We just had a new baby 4 months ago, and we all went though what seemed to be a normal adjustment period and it looked like DS had just turned a corner, but then this behavior just started popping up...he doesn't seem to want anything to do with me. Lately he will constantly say things like, "I don't like you, Mommy...stay away...you're not my friend."

Is this a normal developmental stage/gaining independence thing? A dealing with the new baby thing? I'm trying not to take it personally, but my heart is kind of breaking over here...
post #2 of 4
I don't know whether it's a normal pre-schooler thing or a dealing with the new baby thing, I just know that it happens here too. Our DS is three next month, DD is five months old, and oh the preschooler drama. He's so emo right now, all that's missing is black fingernail polish and a journal full of overwraught poetry.
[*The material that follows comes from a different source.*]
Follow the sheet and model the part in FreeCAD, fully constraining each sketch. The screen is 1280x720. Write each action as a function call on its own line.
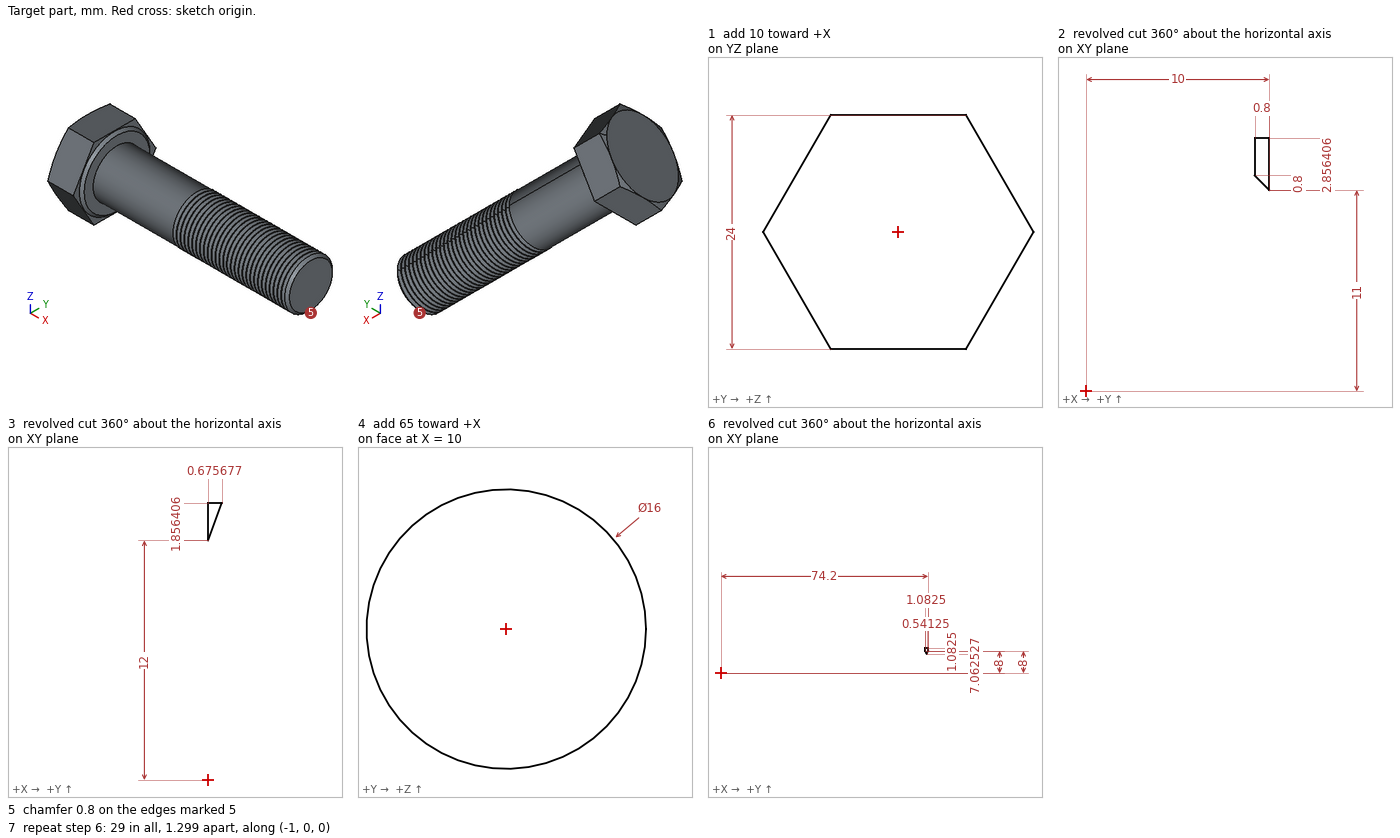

He's growing, he's trying to master the potty (he has a ways to go), this is a very hormonal stage, and this morning, his preschool teachers pointed out that he's due for another set of molars. I know it's tough to get a good luck at their gums at this stage, but consider whether that's an issue - toothaches do make people grouchy. He's needed a phenomenal amount of both sleep (18 hours a day some days) and food lately.

My son can switch moods on a dime, but is always, always cranky when pooping. The worst of the snappish, get away from me mama behavior tends to coincide with bowel movements, so that's another thing to consider. (My current strategy is to offer the potty, and to leave him be - we haven't had a ton of trouble cleaning up poop, I'll just reappear with clean pants in a minute or three.)

Things are better if I don't engage too much with this mood. "I'm sorry you feel that way. I love you and I hope you feel better soon. I'm going to read this book/ do some laundry/ have a snack/ cook dinner. Want to come along?" If he's not encouraged in his grump, he will sometimes come out of it and be charming.

When he's in a good mood, he loves me very much. I try just to remember to take that more seriously to heart than the things he says when he's cranky.
post #3 of 4
I'm guessing that they all try this out at one point, or another. Especially when there are changes, like welcoming a new sibling! I would take your own advice and try not to take it personally. Whenever dd said something along those lines... such as "I don't love you"... I always replied simply, "Oh, well, I love you" with a smile, or something similar.
post #4 of 4
I think this is age and having the new baby.

After I had Calvin it was hard. Kate did not want me to touch her for a while (other than for nursing of course ) and she wanted daddy... and nothing but daddy. It got better but it took a while. Even then she loved her brother and wanted him around all of the time... but she was mad at me.

Now they are used to each other and it is not a problem anymore with her being mad at me, but she has told me recently that she wants someone else to be her mommy.

I asked, "Do you not love me anymore?" She says, "yes I do but I love XXX more". This saturday she told me that she loved daddy more because he buys her berries when they go to the grocery store together and I dont...

I would not take anything that they say like that seriously. I hug her, love her, and remind her that I always will, even if she doesnt love me right now... then she hugs me and loves me back.

I honestly dont think that they completely understand what the word means at that age... so to me it is more like experimenting with boundaries and with the word itself.